#### Excerpted data

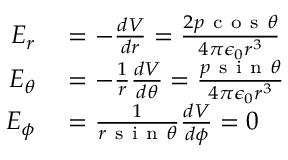Convert formula to latex. <formula><loc_0><loc_0><loc_500><loc_500>\begin{array} { r l } { E _ { r } } & = - \frac { d V } { d r } = \frac { 2 p c o s \theta } { 4 \pi \epsilon _ { 0 } r ^ { 3 } } } \\ { E _ { \theta } } & = - \frac { 1 } { r } \frac { d V } { d \theta } = \frac { p s i n \theta } { 4 \pi \epsilon _ { 0 } r ^ { 3 } } } \\ { E _ { \phi } } & = \frac { 1 } { r s i n \theta } \frac { d V } { d \phi } = 0 } \end{array}</formula> 
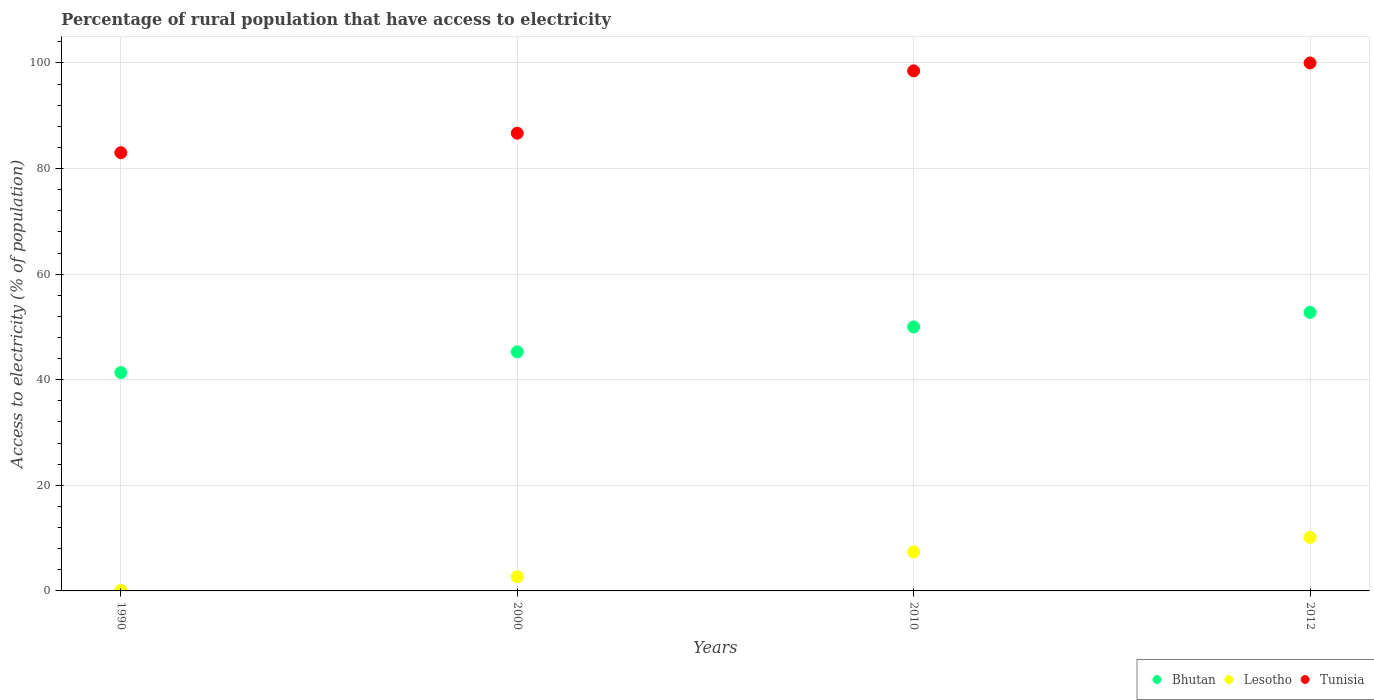How many different coloured dotlines are there?
Offer a very short reply. 3. Is the number of dotlines equal to the number of legend labels?
Provide a short and direct response. Yes. What is the percentage of rural population that have access to electricity in Lesotho in 2012?
Ensure brevity in your answer.  10.15. Across all years, what is the maximum percentage of rural population that have access to electricity in Lesotho?
Provide a short and direct response. 10.15. In which year was the percentage of rural population that have access to electricity in Bhutan maximum?
Give a very brief answer. 2012. In which year was the percentage of rural population that have access to electricity in Bhutan minimum?
Keep it short and to the point. 1990. What is the total percentage of rural population that have access to electricity in Lesotho in the graph?
Ensure brevity in your answer.  20.34. What is the difference between the percentage of rural population that have access to electricity in Bhutan in 1990 and that in 2010?
Offer a very short reply. -8.64. What is the difference between the percentage of rural population that have access to electricity in Bhutan in 2000 and the percentage of rural population that have access to electricity in Lesotho in 2010?
Offer a very short reply. 37.88. What is the average percentage of rural population that have access to electricity in Bhutan per year?
Make the answer very short. 47.35. In the year 1990, what is the difference between the percentage of rural population that have access to electricity in Bhutan and percentage of rural population that have access to electricity in Lesotho?
Provide a succinct answer. 41.26. What is the ratio of the percentage of rural population that have access to electricity in Lesotho in 1990 to that in 2010?
Make the answer very short. 0.01. Is the percentage of rural population that have access to electricity in Bhutan in 2010 less than that in 2012?
Your answer should be compact. Yes. What is the difference between the highest and the second highest percentage of rural population that have access to electricity in Bhutan?
Your response must be concise. 2.75. What is the difference between the highest and the lowest percentage of rural population that have access to electricity in Tunisia?
Keep it short and to the point. 17. Is it the case that in every year, the sum of the percentage of rural population that have access to electricity in Lesotho and percentage of rural population that have access to electricity in Tunisia  is greater than the percentage of rural population that have access to electricity in Bhutan?
Keep it short and to the point. Yes. Is the percentage of rural population that have access to electricity in Bhutan strictly greater than the percentage of rural population that have access to electricity in Lesotho over the years?
Offer a terse response. Yes. How many years are there in the graph?
Make the answer very short. 4. Are the values on the major ticks of Y-axis written in scientific E-notation?
Your response must be concise. No. Does the graph contain grids?
Provide a short and direct response. Yes. Where does the legend appear in the graph?
Ensure brevity in your answer.  Bottom right. How are the legend labels stacked?
Your answer should be very brief. Horizontal. What is the title of the graph?
Give a very brief answer. Percentage of rural population that have access to electricity. Does "Syrian Arab Republic" appear as one of the legend labels in the graph?
Keep it short and to the point. No. What is the label or title of the X-axis?
Give a very brief answer. Years. What is the label or title of the Y-axis?
Provide a short and direct response. Access to electricity (% of population). What is the Access to electricity (% of population) of Bhutan in 1990?
Make the answer very short. 41.36. What is the Access to electricity (% of population) of Lesotho in 1990?
Your response must be concise. 0.1. What is the Access to electricity (% of population) of Bhutan in 2000?
Offer a very short reply. 45.28. What is the Access to electricity (% of population) in Lesotho in 2000?
Ensure brevity in your answer.  2.68. What is the Access to electricity (% of population) in Tunisia in 2000?
Offer a very short reply. 86.7. What is the Access to electricity (% of population) of Bhutan in 2010?
Your answer should be very brief. 50. What is the Access to electricity (% of population) of Lesotho in 2010?
Make the answer very short. 7.4. What is the Access to electricity (% of population) of Tunisia in 2010?
Provide a short and direct response. 98.5. What is the Access to electricity (% of population) of Bhutan in 2012?
Offer a very short reply. 52.75. What is the Access to electricity (% of population) in Lesotho in 2012?
Ensure brevity in your answer.  10.15. Across all years, what is the maximum Access to electricity (% of population) of Bhutan?
Provide a succinct answer. 52.75. Across all years, what is the maximum Access to electricity (% of population) of Lesotho?
Provide a short and direct response. 10.15. Across all years, what is the maximum Access to electricity (% of population) in Tunisia?
Keep it short and to the point. 100. Across all years, what is the minimum Access to electricity (% of population) in Bhutan?
Provide a succinct answer. 41.36. Across all years, what is the minimum Access to electricity (% of population) of Tunisia?
Ensure brevity in your answer.  83. What is the total Access to electricity (% of population) of Bhutan in the graph?
Your answer should be compact. 189.4. What is the total Access to electricity (% of population) of Lesotho in the graph?
Offer a very short reply. 20.34. What is the total Access to electricity (% of population) in Tunisia in the graph?
Your answer should be compact. 368.2. What is the difference between the Access to electricity (% of population) in Bhutan in 1990 and that in 2000?
Ensure brevity in your answer.  -3.92. What is the difference between the Access to electricity (% of population) of Lesotho in 1990 and that in 2000?
Provide a succinct answer. -2.58. What is the difference between the Access to electricity (% of population) in Bhutan in 1990 and that in 2010?
Your answer should be compact. -8.64. What is the difference between the Access to electricity (% of population) in Tunisia in 1990 and that in 2010?
Provide a succinct answer. -15.5. What is the difference between the Access to electricity (% of population) in Bhutan in 1990 and that in 2012?
Ensure brevity in your answer.  -11.39. What is the difference between the Access to electricity (% of population) in Lesotho in 1990 and that in 2012?
Provide a short and direct response. -10.05. What is the difference between the Access to electricity (% of population) in Bhutan in 2000 and that in 2010?
Provide a short and direct response. -4.72. What is the difference between the Access to electricity (% of population) in Lesotho in 2000 and that in 2010?
Offer a very short reply. -4.72. What is the difference between the Access to electricity (% of population) in Tunisia in 2000 and that in 2010?
Provide a short and direct response. -11.8. What is the difference between the Access to electricity (% of population) of Bhutan in 2000 and that in 2012?
Your answer should be very brief. -7.47. What is the difference between the Access to electricity (% of population) in Lesotho in 2000 and that in 2012?
Keep it short and to the point. -7.47. What is the difference between the Access to electricity (% of population) in Bhutan in 2010 and that in 2012?
Provide a succinct answer. -2.75. What is the difference between the Access to electricity (% of population) of Lesotho in 2010 and that in 2012?
Give a very brief answer. -2.75. What is the difference between the Access to electricity (% of population) of Bhutan in 1990 and the Access to electricity (% of population) of Lesotho in 2000?
Give a very brief answer. 38.68. What is the difference between the Access to electricity (% of population) in Bhutan in 1990 and the Access to electricity (% of population) in Tunisia in 2000?
Keep it short and to the point. -45.34. What is the difference between the Access to electricity (% of population) in Lesotho in 1990 and the Access to electricity (% of population) in Tunisia in 2000?
Your answer should be compact. -86.6. What is the difference between the Access to electricity (% of population) in Bhutan in 1990 and the Access to electricity (% of population) in Lesotho in 2010?
Provide a succinct answer. 33.96. What is the difference between the Access to electricity (% of population) of Bhutan in 1990 and the Access to electricity (% of population) of Tunisia in 2010?
Offer a terse response. -57.14. What is the difference between the Access to electricity (% of population) of Lesotho in 1990 and the Access to electricity (% of population) of Tunisia in 2010?
Offer a terse response. -98.4. What is the difference between the Access to electricity (% of population) of Bhutan in 1990 and the Access to electricity (% of population) of Lesotho in 2012?
Provide a succinct answer. 31.21. What is the difference between the Access to electricity (% of population) of Bhutan in 1990 and the Access to electricity (% of population) of Tunisia in 2012?
Ensure brevity in your answer.  -58.64. What is the difference between the Access to electricity (% of population) of Lesotho in 1990 and the Access to electricity (% of population) of Tunisia in 2012?
Your answer should be compact. -99.9. What is the difference between the Access to electricity (% of population) in Bhutan in 2000 and the Access to electricity (% of population) in Lesotho in 2010?
Offer a terse response. 37.88. What is the difference between the Access to electricity (% of population) of Bhutan in 2000 and the Access to electricity (% of population) of Tunisia in 2010?
Your response must be concise. -53.22. What is the difference between the Access to electricity (% of population) in Lesotho in 2000 and the Access to electricity (% of population) in Tunisia in 2010?
Provide a succinct answer. -95.82. What is the difference between the Access to electricity (% of population) in Bhutan in 2000 and the Access to electricity (% of population) in Lesotho in 2012?
Provide a succinct answer. 35.13. What is the difference between the Access to electricity (% of population) in Bhutan in 2000 and the Access to electricity (% of population) in Tunisia in 2012?
Your answer should be compact. -54.72. What is the difference between the Access to electricity (% of population) of Lesotho in 2000 and the Access to electricity (% of population) of Tunisia in 2012?
Your answer should be compact. -97.32. What is the difference between the Access to electricity (% of population) in Bhutan in 2010 and the Access to electricity (% of population) in Lesotho in 2012?
Offer a terse response. 39.85. What is the difference between the Access to electricity (% of population) in Lesotho in 2010 and the Access to electricity (% of population) in Tunisia in 2012?
Your answer should be compact. -92.6. What is the average Access to electricity (% of population) in Bhutan per year?
Provide a succinct answer. 47.35. What is the average Access to electricity (% of population) in Lesotho per year?
Your response must be concise. 5.08. What is the average Access to electricity (% of population) in Tunisia per year?
Ensure brevity in your answer.  92.05. In the year 1990, what is the difference between the Access to electricity (% of population) of Bhutan and Access to electricity (% of population) of Lesotho?
Provide a succinct answer. 41.26. In the year 1990, what is the difference between the Access to electricity (% of population) of Bhutan and Access to electricity (% of population) of Tunisia?
Make the answer very short. -41.64. In the year 1990, what is the difference between the Access to electricity (% of population) of Lesotho and Access to electricity (% of population) of Tunisia?
Provide a short and direct response. -82.9. In the year 2000, what is the difference between the Access to electricity (% of population) of Bhutan and Access to electricity (% of population) of Lesotho?
Provide a short and direct response. 42.6. In the year 2000, what is the difference between the Access to electricity (% of population) of Bhutan and Access to electricity (% of population) of Tunisia?
Give a very brief answer. -41.42. In the year 2000, what is the difference between the Access to electricity (% of population) of Lesotho and Access to electricity (% of population) of Tunisia?
Offer a terse response. -84.02. In the year 2010, what is the difference between the Access to electricity (% of population) in Bhutan and Access to electricity (% of population) in Lesotho?
Your response must be concise. 42.6. In the year 2010, what is the difference between the Access to electricity (% of population) in Bhutan and Access to electricity (% of population) in Tunisia?
Provide a succinct answer. -48.5. In the year 2010, what is the difference between the Access to electricity (% of population) of Lesotho and Access to electricity (% of population) of Tunisia?
Offer a terse response. -91.1. In the year 2012, what is the difference between the Access to electricity (% of population) of Bhutan and Access to electricity (% of population) of Lesotho?
Make the answer very short. 42.6. In the year 2012, what is the difference between the Access to electricity (% of population) in Bhutan and Access to electricity (% of population) in Tunisia?
Ensure brevity in your answer.  -47.25. In the year 2012, what is the difference between the Access to electricity (% of population) of Lesotho and Access to electricity (% of population) of Tunisia?
Your response must be concise. -89.85. What is the ratio of the Access to electricity (% of population) in Bhutan in 1990 to that in 2000?
Keep it short and to the point. 0.91. What is the ratio of the Access to electricity (% of population) in Lesotho in 1990 to that in 2000?
Make the answer very short. 0.04. What is the ratio of the Access to electricity (% of population) of Tunisia in 1990 to that in 2000?
Make the answer very short. 0.96. What is the ratio of the Access to electricity (% of population) of Bhutan in 1990 to that in 2010?
Your answer should be compact. 0.83. What is the ratio of the Access to electricity (% of population) in Lesotho in 1990 to that in 2010?
Your answer should be compact. 0.01. What is the ratio of the Access to electricity (% of population) in Tunisia in 1990 to that in 2010?
Your answer should be very brief. 0.84. What is the ratio of the Access to electricity (% of population) in Bhutan in 1990 to that in 2012?
Make the answer very short. 0.78. What is the ratio of the Access to electricity (% of population) in Lesotho in 1990 to that in 2012?
Offer a very short reply. 0.01. What is the ratio of the Access to electricity (% of population) in Tunisia in 1990 to that in 2012?
Make the answer very short. 0.83. What is the ratio of the Access to electricity (% of population) in Bhutan in 2000 to that in 2010?
Offer a terse response. 0.91. What is the ratio of the Access to electricity (% of population) in Lesotho in 2000 to that in 2010?
Provide a short and direct response. 0.36. What is the ratio of the Access to electricity (% of population) in Tunisia in 2000 to that in 2010?
Make the answer very short. 0.88. What is the ratio of the Access to electricity (% of population) in Bhutan in 2000 to that in 2012?
Provide a succinct answer. 0.86. What is the ratio of the Access to electricity (% of population) in Lesotho in 2000 to that in 2012?
Your answer should be very brief. 0.26. What is the ratio of the Access to electricity (% of population) in Tunisia in 2000 to that in 2012?
Your answer should be very brief. 0.87. What is the ratio of the Access to electricity (% of population) in Bhutan in 2010 to that in 2012?
Offer a terse response. 0.95. What is the ratio of the Access to electricity (% of population) of Lesotho in 2010 to that in 2012?
Your response must be concise. 0.73. What is the ratio of the Access to electricity (% of population) of Tunisia in 2010 to that in 2012?
Ensure brevity in your answer.  0.98. What is the difference between the highest and the second highest Access to electricity (% of population) of Bhutan?
Offer a terse response. 2.75. What is the difference between the highest and the second highest Access to electricity (% of population) in Lesotho?
Your response must be concise. 2.75. What is the difference between the highest and the lowest Access to electricity (% of population) in Bhutan?
Ensure brevity in your answer.  11.39. What is the difference between the highest and the lowest Access to electricity (% of population) of Lesotho?
Offer a terse response. 10.05.

########

Set down, exactly as they stand above, the lines starting with the line with "Your answer should be very brief. Horizontal." and going on through the line with "Your answer should be very brief. 50.", and no others.

*Result of this task*
Your answer should be very brief. Horizontal. What is the title of the graph?
Give a very brief answer. Percentage of rural population that have access to electricity. Does "Syrian Arab Republic" appear as one of the legend labels in the graph?
Keep it short and to the point. No. What is the label or title of the X-axis?
Give a very brief answer. Years. What is the label or title of the Y-axis?
Provide a short and direct response. Access to electricity (% of population). What is the Access to electricity (% of population) of Bhutan in 1990?
Make the answer very short. 41.36. What is the Access to electricity (% of population) of Lesotho in 1990?
Your response must be concise. 0.1. What is the Access to electricity (% of population) of Bhutan in 2000?
Offer a very short reply. 45.28. What is the Access to electricity (% of population) in Lesotho in 2000?
Ensure brevity in your answer.  2.68. What is the Access to electricity (% of population) in Tunisia in 2000?
Offer a very short reply. 86.7. What is the Access to electricity (% of population) of Bhutan in 2010?
Your answer should be very brief. 50. What is the Access to electricity (% of population) of Lesotho in 2010?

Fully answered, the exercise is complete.